On Mon, 13 Mar 2023 at 08:03, rmluglist2--- via Hampshire <
hampshire@???> wrote:
> Hi all
>
>
>
> I have an Ubuntu box which is on 24/7/365. It has ufw running allowing
> nothing from outside my lan.
>
>
>
> A couple of times recently, I’ve come in to find the machine locked up
> with a lot of disk access (it can be ping’d but I can’t ssh into it and it
> doesn’t respond to mouse or keyboard on the console – only power cycling
> brings it back). As I say, this has now happened twice in the last 3-4
> nights.
>
>
>
> I have seen this behaviour sometimes.
By default Linux can block all interactive conversations when using high
disk access
High disk access can be caused by a number of things:
1) some app actually needs the disk
2) Faults on the disk, causing many retries.
3) Swap file access
After a reboot, you can look for faults on the disk with "smartctl -a
/dev/sda" and see if there are any log messages there about failed sectors,
or sector reallocation counts increasing etc.

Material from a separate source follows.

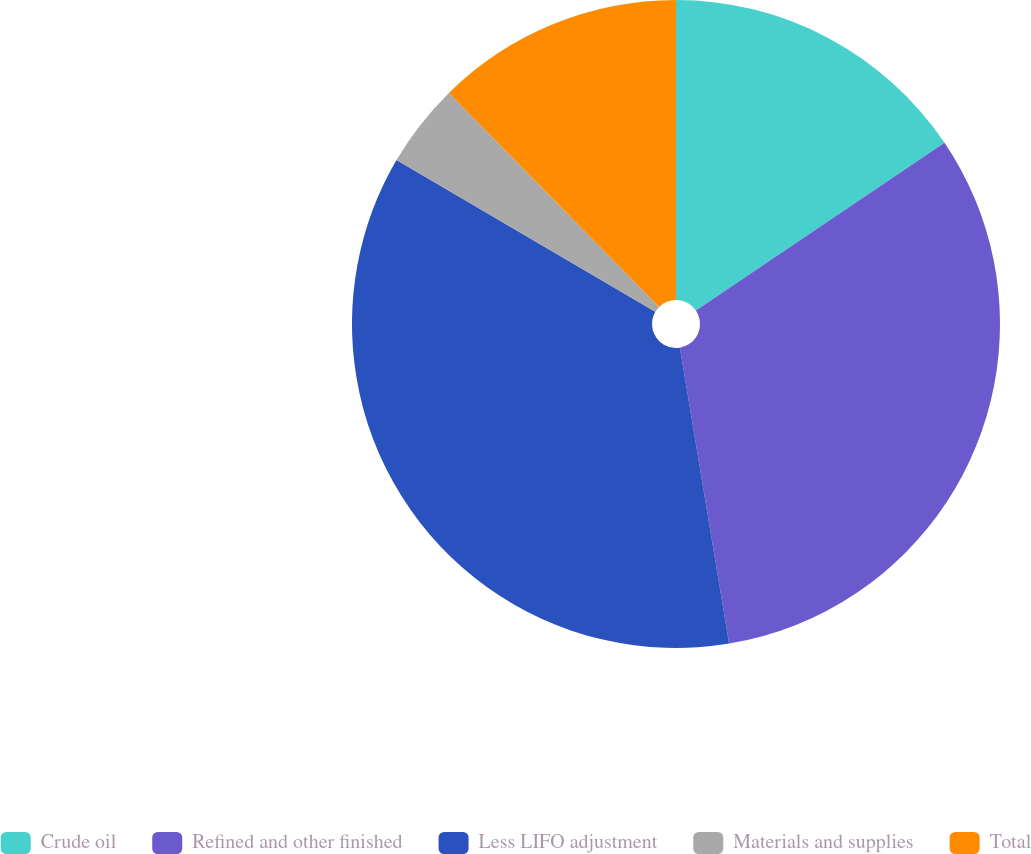Convert chart to OTSL. <chart><loc_0><loc_0><loc_500><loc_500><pie_chart><fcel>Crude oil<fcel>Refined and other finished<fcel>Less LIFO adjustment<fcel>Materials and supplies<fcel>Total<nl><fcel>15.55%<fcel>31.83%<fcel>36.06%<fcel>4.2%<fcel>12.36%<nl></chart>

If an app needs the disk, it is probably something kicked off by cron.
You can force these apps to use a lower priority for io with "ionice"
Google ionice for suitable ways to run it.

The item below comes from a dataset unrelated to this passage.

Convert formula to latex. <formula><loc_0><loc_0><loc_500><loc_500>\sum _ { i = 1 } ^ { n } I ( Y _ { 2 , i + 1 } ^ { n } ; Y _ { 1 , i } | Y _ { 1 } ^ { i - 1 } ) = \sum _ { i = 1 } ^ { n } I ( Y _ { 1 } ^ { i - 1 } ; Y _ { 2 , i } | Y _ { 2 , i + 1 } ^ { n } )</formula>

But, I think a good diagnosis is probably to disable cron altogether for
say a week, and see if the problem disappears.
Then at least you will then know that cron and the apps it runs are the
problem.
Another possible cause, is an app causing it to run low on memory that
results in unpredictable behaviour when memory allocation fails, and it
seems a lot of programs don't behave well when that happens. This might
also cause excessive swap file access.
These are all problems that are difficult to diagnose while they are
happening, so the trick is to set up monitoring to watch for each of the
cases.
E.g. take metrics of free RAM and when the fault happens, you can look at
the metrics graph, to see if that is the problem etc.
take metrics of the disk access on a per app basis.
Normally the lock up will not be immediate, it will get slow first and then
eventually lock up. So at least some metrics are written before the lock up.